Studio album by Within the Ruins
- Released: March 3, 2017
- Recorded: May 22 – July 19, 2016 (Coach); June 14–22, 2016 (Zing);
- Studios: Coach Studios; Zing Studios;
- Genres: Metalcore; deathcore; djent; progressive metal;
- Length: 51:40
- Labels: eOne Music; Good Fight Music;
- Producer: Joe Cocchi

Within the Ruins chronology
| Phenomena (2014) | Halfway Human (2017) | Black Heart (2020) |

Singles from Halfway Human
- "Death of the Rockstar" Released: November 21, 2016; "Beautiful Agony" Released: January 1, 2017; "Objective Reality" Released: February 24, 2017;

= Halfway Human (album) =

Halfway Human is the fifth studio album by American metalcore band Within the Ruins. It was released on March 3, 2017. It is Within the Ruins' first studio album to feature bassist Paolo Galang, who joined in 2015. The album was praised by critics for the incorporation of new elements such as clean vocals on the part of Paolo and Tim Goergen (both a first for Within the Ruins) in addition to screaming/death growls. It is the final album featuring long-time vocalist Tim Goergen, who would leave the band in February 2018 citing ongoing health issues. The album debuted at number 191 on the Billboard 200, selling 4,025 copies in its first week.

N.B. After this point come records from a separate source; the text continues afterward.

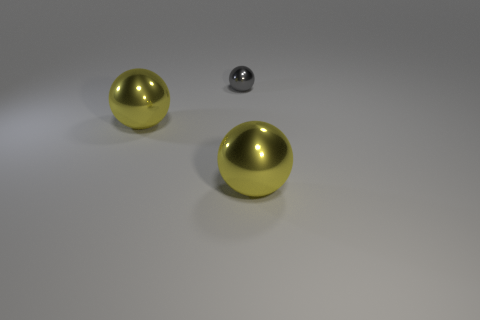There is a big metallic object that is right of the small shiny sphere; does it have the same shape as the shiny thing left of the tiny gray sphere?
Ensure brevity in your answer.  Yes. Is there a large ball made of the same material as the tiny gray thing?
Offer a very short reply. Yes. How many blue things are large objects or metallic spheres?
Your response must be concise. 0. Is the number of large metal objects on the right side of the gray metal object greater than the number of small metal balls?
Keep it short and to the point. No. What number of cylinders are yellow objects or small gray things?
Give a very brief answer. 0. How many objects are gray things or large yellow balls?
Provide a short and direct response. 3. How many objects are either large yellow things that are to the left of the tiny shiny thing or shiny things that are on the left side of the tiny gray metallic sphere?
Your answer should be compact. 1. Are there an equal number of yellow metallic balls to the right of the tiny object and small brown rubber cylinders?
Your answer should be compact. No. Is the size of the object right of the gray metallic sphere the same as the object that is on the left side of the small gray ball?
Offer a terse response. Yes. How many other objects are the same size as the gray thing?
Your answer should be compact. 0.

== Background and recording ==
On May 3, 2016, Within the Ruins announced via a YouTube video that they'd be re-entering the studio to record a follow-up to 2014's Phenomena. Via a release that accompanied the video, the band noted that they'd be recording at their own studio under the leadership of guitarist Joe Cocchi. Within the Ruins noted that they would then be returning to Zing studios in Westfield, Massachusetts to engineer vocals with Jim Fogarty, who had worked with renowned metal acts such as Killswitch Engage and The Devil Wears Prada. Jim had helped engineer the band's debut Creature, which was also produced at Zing in 2008.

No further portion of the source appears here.